(WHAT IS REQUIRED): None of the images should appear in your copy. Transcribe the data in full.

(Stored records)
---------------
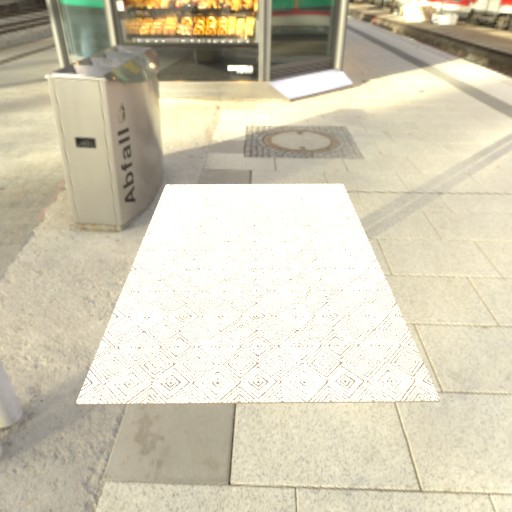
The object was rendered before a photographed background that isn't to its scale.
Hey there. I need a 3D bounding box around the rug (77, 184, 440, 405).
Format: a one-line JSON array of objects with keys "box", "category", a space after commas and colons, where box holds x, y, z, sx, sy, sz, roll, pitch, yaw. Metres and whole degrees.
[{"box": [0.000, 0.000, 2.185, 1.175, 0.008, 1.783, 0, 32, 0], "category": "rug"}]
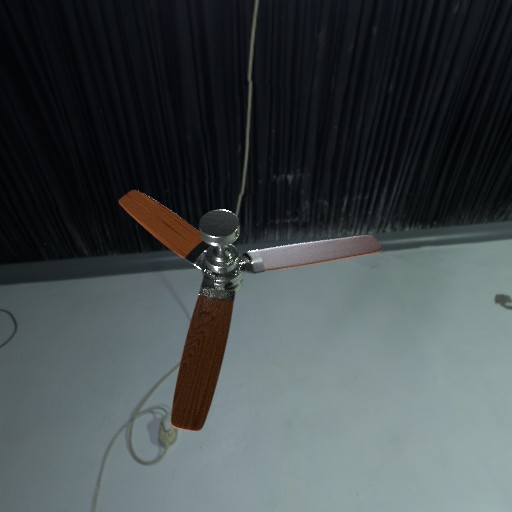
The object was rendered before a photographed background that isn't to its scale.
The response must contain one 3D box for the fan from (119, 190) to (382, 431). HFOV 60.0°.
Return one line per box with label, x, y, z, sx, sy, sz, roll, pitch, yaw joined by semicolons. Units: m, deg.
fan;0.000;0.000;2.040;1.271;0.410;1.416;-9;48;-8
---------------
(ANSWER FOR THIS EXERCISE):
The object was rendered before a photographed background that isn't to its scale.
Hey there. I need a 3D bounding box around the rug (77, 184, 440, 405).
Format: a one-line JSON array of objects with keys "box", "category", a space after commas and colons, where box holds x, y, z, sx, sy, sz, roll, pitch, yaw. Metres and whole degrees.
[{"box": [0.000, 0.000, 2.185, 1.175, 0.008, 1.783, 0, 32, 0], "category": "rug"}]
The object was rendered before a photographed background that isn't to its scale.
The response must contain one 3D box for the fan from (119, 190) to (382, 431). HFOV 60.0°.
Return one line per box with label, x, y, z, sx, sy, sz, roll, pitch, yaw joined by semicolons. Units: m, deg.
fan;0.000;0.000;2.040;1.271;0.410;1.416;-9;48;-8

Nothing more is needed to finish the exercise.